Its first album, Perpetual Surrender (2013) was longlisted for the Polaris Music Prize. It was followed by Familiar Touch (2016).

Destroyer 
The first Destroyer album to feature Shabason was Kaputt (2010), which was shortlisted for the Polaris Music Prize. Having toured with Destroyer in an opening band, Shabason contacted Destroyer front-man Dan Bejar in 2010 while in Vancouver. This led to Shabason improvising a few hours on the saxophone for the album. His involvement "could not have been more casual," according to Shabason.

Shabason went on to play on Poison Season (2015) and ken (2017), Destroyer's next two albums after Kaputt.

He has toured as a member of Destroyer.

The War on Drugs 
Shabason played an important role in Lost in the Dream (2014) by The War on Drugs.

Other 
As a session musician, Shabason has recorded for many singers and bands — including Born Ruffians, Hannah Georgas, Jill Barber, Matt Barber, Dragonette, The Operators, Allie X, Peter Elkas, The Fembots and Fucked Up.

In 2019, he released an experimental ambient album titled Muldrew with Ben Gunning.
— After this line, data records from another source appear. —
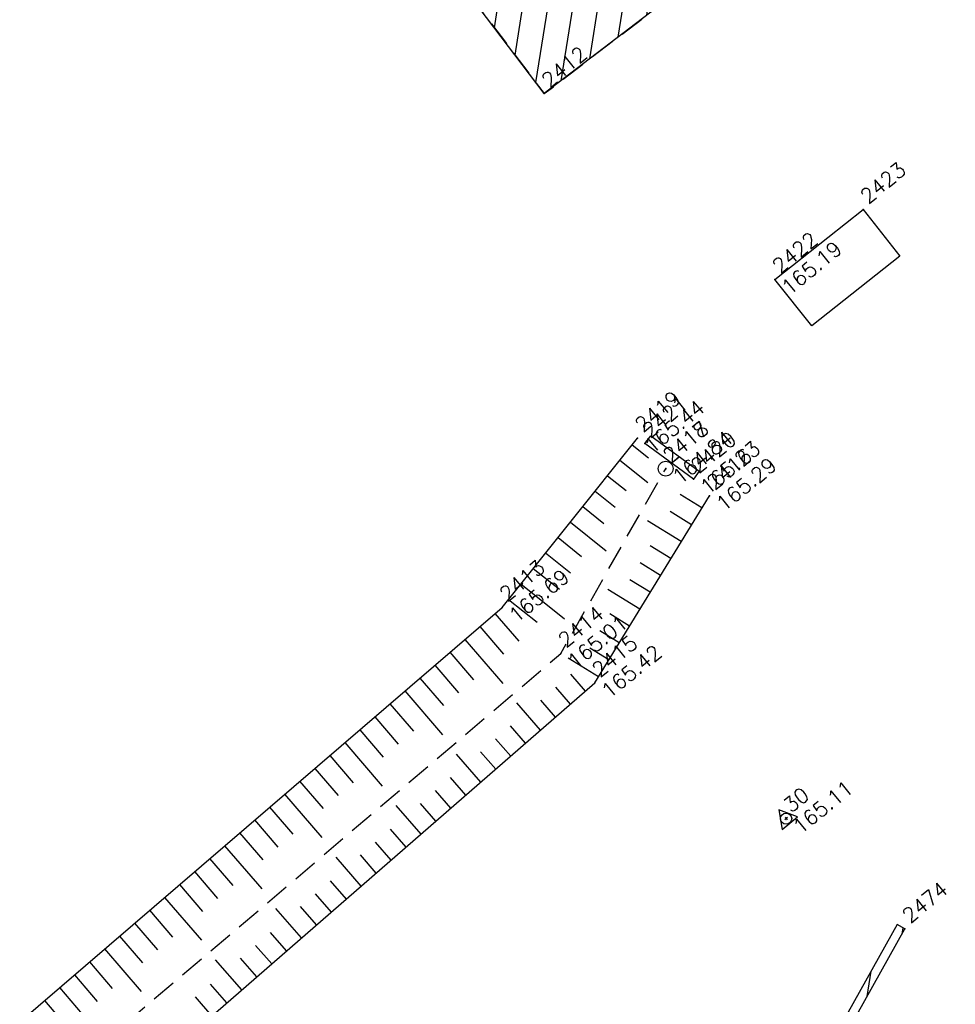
# Model space of a CAD drawing. Header units: feet. Extents: x 529188 to 529675, y 139816 to 140273.
# Tile 42 of 118: x 529372 to 529391, y 140054 to 140074. Entities that reach past the tile are written whole.
import ezdxf
from ezdxf.enums import TextEntityAlignment as Align

# ---------------------------------------------------------------- set-up
doc = ezdxf.new("R2010")
doc.units = ezdxf.units.FT
doc.header["$LTSCALE"] = 2
doc.header["$MEASUREMENT"] = 0
doc.header["$PDSIZE"] = 0.1
doc.linetypes.add('CACHE', pattern=[0.375, 0.25, -0.125])
doc.layers.get('0').update_dxf_attribs({"linetype": 'CONTINUOUS'})
for name, color, linetype in [('BATI', 10, 'CONTINUOUS'), ('BATI-HACHURES', 30, 'CONTINUOUS'), ('BORD_TOIT', 244, 'CACHE'), ('DIVERS_1', 7, 'CONTINUOUS'), ('MURS', 1, 'CONTINUOUS'), ('POLYGO', 241, 'CONTINUOUS'), ('SOCLES', 13, 'CONTINUOUS'), ('TALUS', 40, 'CONTINUOUS'), ('TALUS_BAS', 40, 'CACHE'), ('TALUS_HAUT', 40, 'CONTINUOUS'), ('TOPOALT', 3, 'CONTINUOUS'), ('TOPOJIS', 7, 'CONTINUOUS'), ('TOPOJIS-GELE', 7, 'CONTINUOUS'), ('TOPOMAT', 142, 'CONTINUOUS')]:
    doc.layers.add(name, color=color, linetype=linetype)
doc.styles.get("Standard").update_dxf_attribs({"font": 'ROMANS.SHX'})
pattern_1 = [(80.99999999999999, (0, 0), (-0.4938441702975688, 0.07821723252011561), [])]

# ---------------------------------------------------------------- blocks, each defined once
blk = doc.blocks.new('TCPOINT')
at = {"color": 0}
blk.add_point((0, 0), dxfattribs=at)
at = {"layer": 'TOPOALT'}
blk.add_attdef('ALT', text='', height=0.3, dxfattribs=at).set_placement((0.1, -0.1), align=Align.TOP_LEFT)
at = {"layer": 'TOPOMAT'}
blk.add_attdef('MAT', (0.1, 0.1), '', height=0.3, dxfattribs=at)
blk = doc.blocks.new('269')
for p, q in [((0.03485952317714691, 0), (-0.03485952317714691, 0)), ((0, 0.03485952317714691), (0, -0.03485952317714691))]:
    blk.add_line(p, q)
blk.add_lwpolyline([(0, 0.2309401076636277), (-0.1999999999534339, -0.1154700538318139), (0.1999999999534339, -0.1154700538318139)], close=True)
blk.add_circle((0, 0), 0.1132074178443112)
blk = doc.blocks.new('283')
at = {"ltscale": 3}
blk.add_circle((0, 0), 0.15, dxfattribs=at)

msp = doc.modelspace()

# ---------------------------------------------------------------- hatches: boundary and pattern name
at = {"layer": 'BATI-HACHURES'}
h = msp.add_hatch(dxfattribs=at)
h.set_pattern_fill('ANSI31', color=256, scale=4, angle=35.99999999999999, style=0)
h.set_pattern_definition(pattern_1)
h.paths.add_polyline_path([(529309.6865183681, 140047.1218154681), (529294.0957603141, 140035.1580378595), (529295.9341393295, 140032.7414377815), (529311.303255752, 140044.366157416), (529317.02037389, 140040.648420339), (529309.846867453, 140037.934731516), (529328.669764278, 140009.230307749), (529338.867877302, 140008.310619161), (529336.9738251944, 140013.078178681), (529337.4134897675, 140013.4288549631), (529340.7275932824, 140009.2737581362), (529351.395842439, 139995.222260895), (529351.555134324, 139995.34319929), (529321.000020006, 140035.588332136), (529320.6097548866, 140035.2920330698), (529320.2653378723, 140035.7462102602), (529321.099579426, 140036.328092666), (529332.2576004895, 140044.7895750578), (529332.8480658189, 140044.0109379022), (529330.818461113, 140042.467174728), (529335.054128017, 140036.898490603), (529341.813280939, 140042.065214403), (529337.5899298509, 140047.6177067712), (529335.616039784, 140046.1163214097), (529335.0286272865, 140046.8909328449), (529355.9366893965, 140062.7461815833), (529356.5253407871, 140061.9699364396), (529354.519490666, 140060.444497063), (529358.748190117, 140054.884041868), (529365.427176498, 140060.07202881), (529361.341794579, 140065.548450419), (529358.604795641, 140063.5513518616), (529358.0183101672, 140064.3247408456), (529364.806779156, 140069.4726528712), (529379.6617135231, 140080.728600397), (529380.2583743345, 140079.9409096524), (529378.258374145, 140078.407808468), (529382.495664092, 140072.812566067), (529389.272870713, 140077.995394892), (529385.007293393, 140083.581196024), (529383.0072932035, 140082.0480948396), (529382.4226321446, 140082.8199439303), (529402.759805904, 140098.2249676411), (529403.3879901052, 140097.4046573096), (529401.994777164, 140096.34900812), (529404.732128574, 140092.7380453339), (529390.411130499, 140081.865241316), (529394.858151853, 140075.936696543), (529403.978742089, 140083.008135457), (529405.9281208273, 140080.4938685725), (529396.772033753, 140073.394908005), (529399.995635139, 140069.125215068), (529409.1162253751, 140076.196653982), (529411.0656041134, 140073.6823870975), (529402.04918053, 140066.71299331), (529405.2394652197, 140062.5204200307), (529424.929498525, 140077.503297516), (529411.6725092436, 140094.9274867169), (529412.969844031, 140095.912399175), (529408.766238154, 140101.479801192), (529406.7329205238, 140099.9450184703), (529406.16244793, 140100.740931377), (529413.2647199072, 140106.2719399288), (529405.0436369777, 140116.8284896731), (529403.8790116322, 140118.3626678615), (529396.8277903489, 140113.0095021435), (529396.2094615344, 140113.8236842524), (529398.224287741, 140115.35383959), (529393.997260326, 140120.919761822), (529387.2569257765, 140115.7908451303), (529391.441671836, 140110.213862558), (529392.8189237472, 140111.2472976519), (529393.4279425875, 140110.4356623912), (529373.1557079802, 140095.0469015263), (529372.5221125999, 140095.8841919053), (529374.527904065, 140097.393132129), (529370.329834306, 140102.973507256), (529363.553716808, 140097.851809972), (529367.800348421, 140092.264620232), (529369.7986522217, 140093.783462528), (529370.4340244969, 140092.9475187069), (529359.1771359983, 140084.661349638), (529349.4263669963, 140077.1238511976), (529348.8353181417, 140077.9055552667), (529350.821484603, 140079.407301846), (529346.596598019, 140084.995014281), (529339.809686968, 140079.860155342), (529344.046363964, 140074.271650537), (529346.0943683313, 140075.8242541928), (529346.6854171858, 140075.0425501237), (529325.7601842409, 140059.1039860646), (529325.1255843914, 140059.9405164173), (529327.100290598, 140061.457300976), (529322.795366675, 140067.06189389), (529316.084386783, 140061.92186627), (529320.296489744, 140056.36946663), (529322.3439973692, 140057.9227253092), (529322.9785972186, 140057.0861949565)])
h = msp.add_hatch(dxfattribs=at)
h.set_pattern_fill('ANSI31', color=256, scale=4, angle=35.99999999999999, style=0)
h.set_pattern_definition(pattern_1)
h.paths.add_polyline_path([(529385.045028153, 140048.482878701), (529386.749998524, 140050.881490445), (529389.625506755, 140056.022437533), (529389.782602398, 140055.934568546), (529386.902346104, 140050.785132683), (529385.191740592, 140048.378593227)])

# ---------------------------------------------------------------- linework, layer by layer
at = {"layer": 'BATI', "flags": 128}
msp.add_lwpolyline([(529389.272870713, 140077.995394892), (529382.495664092, 140072.812566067), (529378.258374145, 140078.407808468)], dxfattribs=at)
at = {"layer": 'BORD_TOIT', "flags": 128}
msp.add_lwpolyline([(529378.258374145, 140078.407808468), (529382.495664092, 140072.812566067), (529389.272870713, 140077.995394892), (529385.007293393, 140083.581196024)], dxfattribs=at)
at = {"layer": 'MURS', "flags": 128}
for points in [[(529385.509733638, 140065.024123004), (529384.530157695, 140065.740199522), (529384.648185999, 140065.901659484), (529385.627761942, 140065.185582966)], [(529385.191740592, 140048.378593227), (529386.902346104, 140050.785132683), (529389.782602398, 140055.934568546), (529389.625506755, 140056.022437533), (529386.749998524, 140050.881490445), (529385.045028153, 140048.482878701)]]:
    msp.add_lwpolyline(points, close=True, dxfattribs=at)
at = {"layer": 'SOCLES', "flags": 128}
msp.add_lwpolyline([(529387.156302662, 140069.060417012), (529388.937332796, 140070.470567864), (529389.682231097, 140069.529756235), (529387.901200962, 140068.119605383)], close=True, dxfattribs=at)
at = {"layer": 'TALUS'}
for p, q in [((529384.2735443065, 140065.717495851), (529384.6001232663, 140065.4561883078)), ((529384.0236404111, 140065.4051690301), (529384.5861320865, 140064.9550992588)), ((529383.7737365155, 140065.0928422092), (529384.1502721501, 140064.7915625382)), ((529383.5238326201, 140064.7805153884), (529383.9253465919, 140064.4592496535)), ((529385.6825078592, 140064.4429304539), (529385.243727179, 140064.7116412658)), ((529383.2739287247, 140064.4681885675), (529383.7004210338, 140064.1269367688)), ((529385.4736069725, 140064.1018140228), (529385.0405032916, 140064.3670482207)), ((529383.0240248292, 140064.1558617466), (529383.7463778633, 140063.5778811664)), ((529385.2647060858, 140063.7606975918), (529384.5808233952, 140064.1795097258)), ((529382.7741209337, 140063.8435349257), (529383.2505699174, 140063.4623109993)), ((529385.0558051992, 140063.4195811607), (529384.6340555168, 140063.6778621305)), ((529382.5242170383, 140063.5312081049), (529383.0256443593, 140063.1299981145)), ((529384.8469043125, 140063.0784647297), (529384.4308316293, 140063.3332690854)), ((529382.2743131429, 140063.218881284), (529382.8007188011, 140062.7976852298)), ((529382.0244092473, 140062.9065544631), (529382.9066236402, 140062.2006630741)), ((529384.6380034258, 140062.7373482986), (529384.2276077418, 140062.9886760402)), ((529384.4291025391, 140062.3962318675), (529383.7815526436, 140062.7927936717)), ((529381.7745053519, 140062.5942276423), (529382.3508676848, 140062.1330594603)), ((529381.4987058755, 140062.3069088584), (529381.9794533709, 140061.7472447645)), ((529384.2202016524, 140062.0551154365), (529383.821159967, 140062.29948995)), ((529381.195280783, 140062.0462688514), (529381.6753564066, 140061.4873869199)), ((529384.0113007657, 140061.7139990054), (529383.6179360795, 140061.9548969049)), ((529380.8918556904, 140061.7856288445), (529381.6589016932, 140060.8926692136)), ((529380.5884305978, 140061.5249888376), (529381.0671624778, 140060.9676712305)), ((529383.802399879, 140061.3728825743), (529383.414712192, 140061.6103038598)), ((529380.2850055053, 140061.2643488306), (529380.7630655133, 140060.7078133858)), ((529383.5934989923, 140061.0317661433), (529382.981276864, 140061.4066931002)), ((529383.3262040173, 140060.7400497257), (529383.0302096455, 140061.0802812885)), ((529379.9815804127, 140061.0037088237), (529380.4589685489, 140060.4479555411)), ((529379.6781553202, 140060.7430688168), (529380.4409013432, 140059.8551150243)), ((529383.0244236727, 140060.4775071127), (529382.7269271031, 140060.819465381)), ((529379.3747302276, 140060.4824288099), (529379.8507746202, 140059.9282398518)), ((529382.4208629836, 140059.9524218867), (529381.9400614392, 140060.5050805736)), ((529382.7226433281, 140060.2149644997), (529382.4236445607, 140060.5586494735)), ((529379.071305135, 140060.221788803), (529379.5466776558, 140059.6683820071)), ((529378.7678800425, 140059.9611487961), (529379.2425806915, 140059.4085241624)), ((529382.1190826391, 140059.6898792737), (529381.817079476, 140060.0370176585)), ((529378.46445495, 140059.7005087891), (529379.2229009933, 140058.8175608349)), ((529381.8173022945, 140059.4273366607), (529381.5137969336, 140059.7762017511)), ((529381.2137416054, 140058.9022514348), (529380.7233259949, 140059.4659610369)), ((529381.51552195, 140059.1647940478), (529381.2105143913, 140059.5153858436)), ((529378.1610298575, 140059.4398687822), (529378.6343867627, 140058.8888084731)), ((529377.8576047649, 140059.1792287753), (529378.3302897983, 140058.6289506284)), ((529377.5541796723, 140058.9185887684), (529378.0261928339, 140058.3690927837)), ((529380.9119612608, 140058.6397088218), (529380.6039493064, 140058.9937540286)), ((529380.6101809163, 140058.3771662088), (529380.300666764, 140058.7329381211)), ((529377.2507545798, 140058.6579487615), (529378.0049006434, 140057.7800066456)), ((529380.3084005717, 140058.1146235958), (529379.9973842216, 140058.4721222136)), ((529376.9473294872, 140058.3973087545), (529377.4179989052, 140057.8493770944)), ((529380.0066202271, 140057.8520809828), (529379.5065905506, 140058.4268415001)), ((529376.6439043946, 140058.1366687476), (529377.1139019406, 140057.5895192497)), ((529376.3404793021, 140057.8760287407), (529376.8098049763, 140057.329661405)), ((529379.7048398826, 140057.5895383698), (529379.3908191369, 140057.9504903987)), ((529379.403059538, 140057.3269957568), (529379.0875365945, 140057.6896744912)), ((529376.0370542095, 140057.6153887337), (529376.7869002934, 140056.7424524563)), ((529375.733629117, 140057.3547487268), (529376.2016110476, 140056.8099457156)), ((529378.7994988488, 140056.8019105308), (529378.2898551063, 140057.3877219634)), ((529379.1012791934, 140057.0644531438), (529378.7842540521, 140057.4288585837)), ((529375.4302040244, 140057.0941087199), (529375.8975140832, 140056.550087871)), ((529378.4977185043, 140056.5393679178), (529378.1776889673, 140056.9072267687)), ((529375.1267789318, 140056.833468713), (529375.5934171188, 140056.2902300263)), ((529374.8233538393, 140056.5728287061), (529375.5688999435, 140055.704898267)), ((529378.1959381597, 140056.2768253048), (529377.8744064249, 140056.6464108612)), ((529374.5199287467, 140056.3121886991), (529374.98522319, 140055.7705143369)), ((529377.5923774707, 140055.7517400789), (529377.073119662, 140056.3486024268)), ((529377.8941578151, 140056.0142826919), (529377.5711238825, 140056.3855949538)), ((529374.2165036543, 140056.0515486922), (529374.6811262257, 140055.5106564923)), ((529373.9130785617, 140055.7909086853), (529374.3770292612, 140055.2507986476)), ((529377.2905971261, 140055.4891974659), (529376.9645587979, 140055.8639631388)), ((529373.6096534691, 140055.5302686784), (529374.3508995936, 140054.6673440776)), ((529376.9888167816, 140055.2266548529), (529376.6612762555, 140055.6031472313)), ((529376.3852560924, 140054.7015696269), (529375.8563842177, 140055.30948289)), ((529376.687036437, 140054.9641122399), (529376.3579937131, 140055.3423313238)), ((529373.3062283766, 140055.2696286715), (529373.7688353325, 140054.7310829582)), ((529373.002803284, 140055.0089886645), (529373.464738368, 140054.4712251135)), ((529372.6993781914, 140054.7483486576), (529373.1606414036, 140054.2113672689)), ((529376.0834757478, 140054.4390270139), (529375.7514286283, 140054.8206995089)), ((529372.3959530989, 140054.4877086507), (529373.1328992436, 140053.6297898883)), ((529375.7816954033, 140054.1764844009), (529375.448146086, 140054.5598836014))]:
    msp.add_line(p, q, dxfattribs=at)
at = {"layer": 'TALUS_BAS', "flags": 128}
msp.add_lwpolyline([(529380.709680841, 139981.406897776), (529369.044376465, 140002.553690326), (529357.301132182, 140028.959959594, -0.06274556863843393), (529356.909546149, 140033.640111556, -0.1028512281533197), (529358.778173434, 140041.056134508), (529382.831492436, 140061.503205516), (529384.949214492, 140065.23454647)], format="xyb", dxfattribs=at)
at = {"layer": 'TALUS_HAUT', "flags": 128}
for points in [[(529378.966269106, 139980.674589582), (529366.950770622, 140001.376841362), (529355.170564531, 140028.675567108, -0.04331371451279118), (529355.38866288, 140033.130534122, -0.09962632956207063), (529358.725915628, 140042.745243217), (529381.64551442, 140062.433016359), (529384.382072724, 140065.853133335)], [(529381.454553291, 139981.923265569), (529369.838855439, 140002.9442291), (529358.445503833, 140029.088269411, -0.08019040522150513), (529358.109261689, 140034.364082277, -0.09428118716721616), (529359.84894133, 140040.315320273), (529383.515935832, 140060.905112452), (529385.833089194, 140064.688816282)]]:
    msp.add_lwpolyline(points, format="xyb", dxfattribs=at)

# ---------------------------------------------------------------- block references
at = {"layer": 'DIVERS_1', "rotation": 39.33073407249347}
msp.add_blockref('283', (529384.948811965, 140065.235463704), dxfattribs=at)
at = {"layer": 'POLYGO', "rotation": 39.33073407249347}
msp.add_blockref('269', (529387.382008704, 140058.16312865), dxfattribs=at)
msp.add_blockref('269', (529387.382008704, 140058.16312865), dxfattribs=at)
at = {"layer": 'TOPOJIS'}
ref = msp.add_blockref('TCPOINT', (529382.495664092, 140072.812566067), dxfattribs=at)
ref.add_attrib('MAT', '2412', (529382.595664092, 140072.912566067), dxfattribs={"layer": 'TOPOMAT', "height": 0.3, "rotation": 39.33073407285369})
ref = msp.add_blockref('TCPOINT', (529388.937332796, 140070.470567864), dxfattribs=at)
ref.add_attrib('MAT', '2423', (529389.037332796, 140070.570567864), dxfattribs={"layer": 'TOPOMAT', "height": 0.3, "rotation": 39.33073407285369})
ref = msp.add_blockref('TCPOINT', (529387.156302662, 140069.060417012), dxfattribs=at)
ref.add_attrib('MAT', '2422', (529387.256302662, 140069.160417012), dxfattribs={"layer": 'TOPOMAT', "height": 0.3, "rotation": 39.33073407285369})
ref.add_attrib('ALT', '165.19', dxfattribs={"layer": 'TOPOALT', "height": 0.3, "rotation": 39.33073407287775}).set_placement((529387.256302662, 140068.960417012), align=Align.TOP_LEFT)
ref = msp.add_blockref('TCPOINT', (529384.382072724, 140065.853133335), dxfattribs=at)
ref.add_attrib('MAT', '2419', (529384.482072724, 140065.953133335), dxfattribs={"layer": 'TOPOMAT', "height": 0.3, "rotation": 39.33073407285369})
ref.add_attrib('ALT', '165.44', dxfattribs={"layer": 'TOPOALT', "height": 0.3, "rotation": 39.33073407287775}).set_placement((529384.482072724, 140065.753133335), align=Align.TOP_LEFT)
ref = msp.add_blockref('TCPOINT', (529384.530157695, 140065.740199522), dxfattribs=at)
ref.add_attrib('MAT', '2421', (529384.6301576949, 140065.840199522), dxfattribs={"layer": 'TOPOMAT', "height": 0.3, "rotation": 39.33073407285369})
ref = msp.add_blockref('TCPOINT', (529384.948811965, 140065.235463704), dxfattribs=at)
ref.add_attrib('MAT', '2418', (529385.0488119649, 140065.335463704), dxfattribs={"layer": 'TOPOMAT', "height": 0.3, "rotation": 39.33073407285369})
ref = msp.add_blockref('TCPOINT', (529384.949214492, 140065.23454647), dxfattribs=at)
ref.add_attrib('MAT', '2417', (529385.049214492, 140065.33454647), dxfattribs={"layer": 'TOPOMAT', "height": 0.3, "rotation": 39.33073407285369})
ref.add_attrib('ALT', '164.84', dxfattribs={"layer": 'TOPOALT', "height": 0.3, "rotation": 39.33073407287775}).set_placement((529385.049214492, 140065.13454647), align=Align.TOP_LEFT)
ref = msp.add_blockref('TCPOINT', (529385.509733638, 140065.024123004), dxfattribs=at)
ref.add_attrib('MAT', '2420', (529385.609733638, 140065.124123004), dxfattribs={"layer": 'TOPOMAT', "height": 0.3, "rotation": 39.33073407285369})
ref.add_attrib('ALT', '165.23', dxfattribs={"layer": 'TOPOALT', "height": 0.3, "rotation": 39.33073407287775}).set_placement((529385.609733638, 140064.924123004), align=Align.TOP_LEFT)
ref = msp.add_blockref('TCPOINT', (529385.833089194, 140064.688816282), dxfattribs=at)
ref.add_attrib('MAT', '2416', (529385.933089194, 140064.788816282), dxfattribs={"layer": 'TOPOMAT', "height": 0.3, "rotation": 39.33073407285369})
ref.add_attrib('ALT', '165.29', dxfattribs={"layer": 'TOPOALT', "height": 0.3, "rotation": 39.33073407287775}).set_placement((529385.933089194, 140064.588816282), align=Align.TOP_LEFT)
ref = msp.add_blockref('TCPOINT', (529381.64551442, 140062.433016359), dxfattribs=at)
ref.add_attrib('MAT', '2413', (529381.74551442, 140062.533016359), dxfattribs={"layer": 'TOPOMAT', "height": 0.3, "rotation": 39.33073407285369})
ref.add_attrib('ALT', '165.69', dxfattribs={"layer": 'TOPOALT', "height": 0.3, "rotation": 39.33073407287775}).set_placement((529381.74551442, 140062.333016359), align=Align.TOP_LEFT)
ref = msp.add_blockref('TCPOINT', (529382.831492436, 140061.503205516), dxfattribs=at)
ref.add_attrib('MAT', '2414', (529382.931492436, 140061.603205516), dxfattribs={"layer": 'TOPOMAT', "height": 0.3, "rotation": 39.33073407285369})
ref.add_attrib('ALT', '165.01', dxfattribs={"layer": 'TOPOALT', "height": 0.3, "rotation": 39.33073407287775}).set_placement((529382.931492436, 140061.403205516), align=Align.TOP_LEFT)
ref = msp.add_blockref('TCPOINT', (529383.515935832, 140060.905112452), dxfattribs=at)
ref.add_attrib('MAT', '2415', (529383.615935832, 140061.005112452), dxfattribs={"layer": 'TOPOMAT', "height": 0.3, "rotation": 39.33073407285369})
ref.add_attrib('ALT', '165.42', dxfattribs={"layer": 'TOPOALT', "height": 0.3, "rotation": 39.33073407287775}).set_placement((529383.615935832, 140060.805112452), align=Align.TOP_LEFT)
ref = msp.add_blockref('TCPOINT', (529387.382008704, 140058.16312865), dxfattribs=at)
ref.add_attrib('MAT', '30', (529387.482008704, 140058.26312865), dxfattribs={"layer": 'TOPOMAT', "height": 0.3, "rotation": 39.33073407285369})
ref.add_attrib('ALT', '165.11', dxfattribs={"layer": 'TOPOALT', "height": 0.3, "rotation": 39.33073407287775}).set_placement((529387.482008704, 140058.06312865), align=Align.TOP_LEFT)
ref = msp.add_blockref('TCPOINT', (529387.382008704, 140058.16312865), dxfattribs=at)
ref.add_attrib('MAT', '30', (529387.482008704, 140058.26312865), dxfattribs={"layer": 'TOPOMAT', "height": 0.3, "rotation": 39.33073407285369})
ref.add_attrib('ALT', '165.11', dxfattribs={"layer": 'TOPOJIS-GELE', "height": 0.3, "rotation": 39.33073407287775}).set_placement((529387.482008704, 140058.06312865), align=Align.TOP_LEFT)
ref = msp.add_blockref('TCPOINT', (529389.782602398, 140055.934568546), dxfattribs=at)
ref.add_attrib('MAT', '2474', (529389.8826023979, 140056.034568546), dxfattribs={"layer": 'TOPOMAT', "height": 0.3, "rotation": 39.33073407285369})

doc.saveas('drawing.dxf')

Around 2008, Shabason and a friend started a rock band, Everything All the Time. He played keyboard and sang backup vocals.

Another band he played in was Bass Groove.

He collaborated with Nicholas Krgovich and Chris Harris on the 2020 album Philadelphia, which was a longlisted nominee for the 2021 Polaris Music Prize.

Shabason composed the musical score of the 2021 dark comedy film Stanleyville.

In 2022 Shabason and Andre Ethier released the collaborative album Fresh Pepper. At Scaramouche, Shabason's second collaboration with Krgovich, was released in October 2022.

Solo work

Aytche 
Aytche (2017)—pronounced like the letter "H"—was his first solo album. It was inspired by composers such as Jon Hassel and Gigi Masin.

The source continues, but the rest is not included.